I feel like there’s plenty more winter for me to enjoy before spring arrives. This is one of those winters where I feel as though I am completely in sync with the season.

The winter seems to be passing just as it should, not overly long or short. It also has had its storms, deep snows and sub-zero cold – all things that a winter should have.

I have plenty of wintry outdoors things left that I still want to do, or do more of, before the season ends. In some ways, it feels as though it’s just getting started.

The holidays are a tremendous distraction for me. It’s not until they are over that it seems I can settle down into the quiet of wintertime.

I have been taking at least one hike a week, on track for my 52 hikes over the 52 weeks of this year. I have been accompanied on most of these outings by the lovely Queen of Shebis.

I have a couple of snowshoe hikes I’ve promised myself since summer left to get to. I have plans for ice fishing and visiting some frozen waterfalls.

But most of all, I just need to be outside to hear the roaring silence and breathe the cold, clean air.
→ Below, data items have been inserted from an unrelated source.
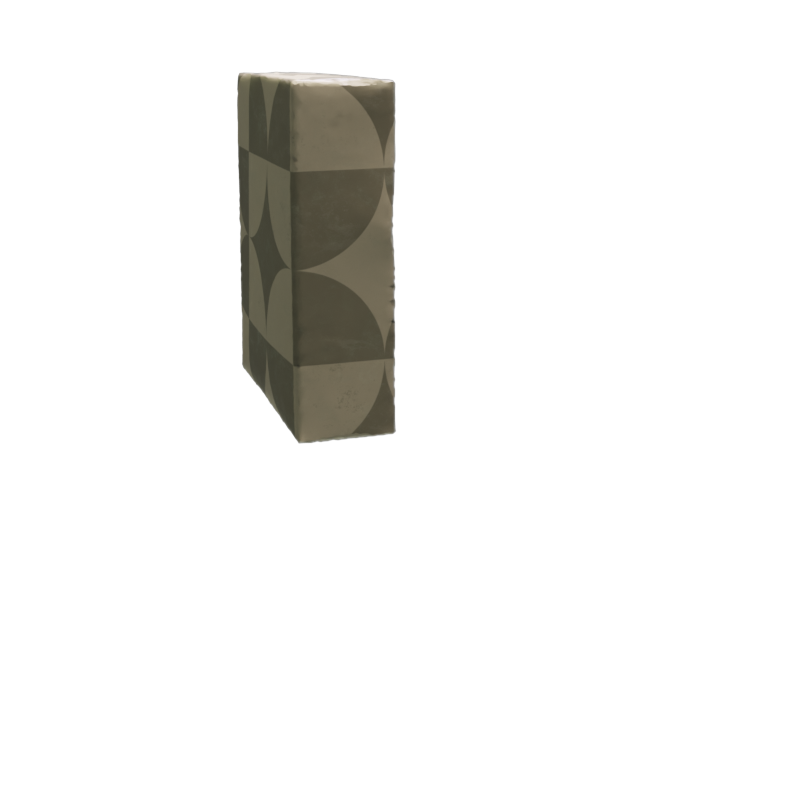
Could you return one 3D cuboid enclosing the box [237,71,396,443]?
[{"bbox_3d":[-0.056,-0.102,0.715,0.070,0.208,0.172,-3,14,-18],"label":"box"}]
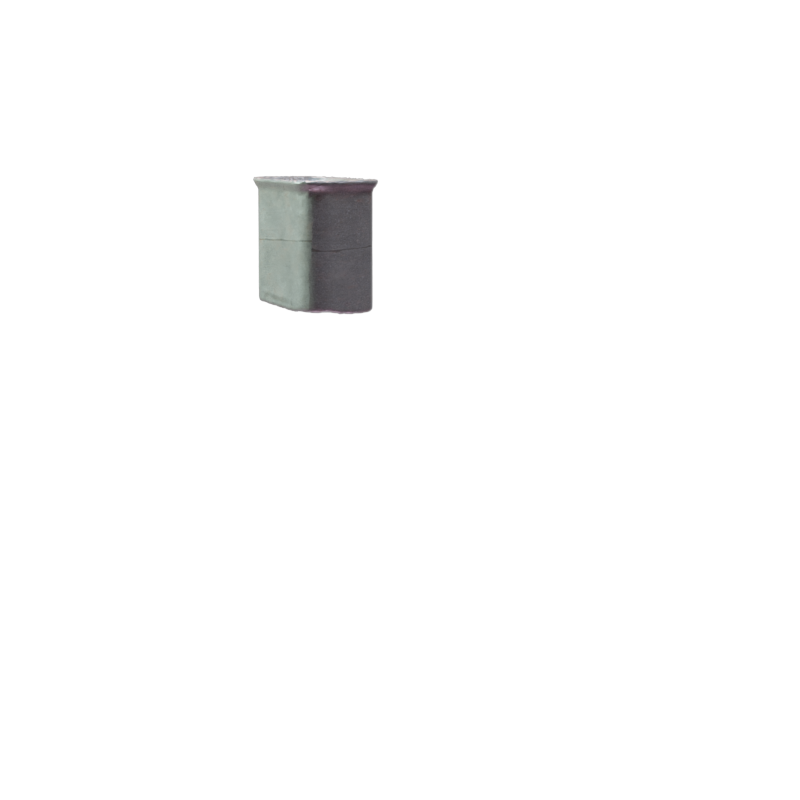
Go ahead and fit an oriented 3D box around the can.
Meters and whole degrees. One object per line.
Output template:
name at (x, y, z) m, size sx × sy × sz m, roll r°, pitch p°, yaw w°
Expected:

I need to get enough in my lungs to last me into summertime when I will then spend balmy afternoons recalling the fresh, cold air of winter.

Green grass in winter, cold air and snow in summer are good contrasts for me to help keep my mind clicking on its proper course.

A few nights ago, the temperature was well below the horizon line. I went outside to the backyard. The night was deathly still. It seemed like everything was frozen stiff.

When I walked, the snow that had fallen so softly a day or so earlier now crunched loudly beneath my feet. I listened for the sounds of an owl or a wolf or a coyote.

There was nothing at all.

The skies were clear, but the stars seemed to be out of reach and almost out of sight, cast in a hazy chill that likely reached all the way up to their high, astronomical perches.

The smell of woodsmoke was in the air. If I exhaled, it seemed like my breath could hang suspended, reaching all the way across the backyard, like it was a dragon’s fire.

It was an exquisite time to be outdoors and to just be alive.

A couple days before that, my head jerked around before I knew it on my way walking back from the mailbox. From my neighbor’s trees across the road, I heard a robin.

I know there are always a handful at least of robins that hang out in some places over the winter, but I still was not expecting to hear that sound. It shattered everything around me like ice.

I stood listening to it for a few minutes before returning to the house, smiling.

Springtime will be here soon enough. Purple martins have already reached Florida on their flights north from South America. They should be back to our northern Michigan shores, though very limited in numbers here these days, about the first week of May.

But for now, it’s time to behold and enjoy all the magic of winter.

EDITOR’S NOTE: Outdoors North is a weekly column produced by the Michigan Department of Natural Resources on a wide range of topics important to those who enjoy and appreciate Michigan’s world-class natural resources of the Upper Peninsula.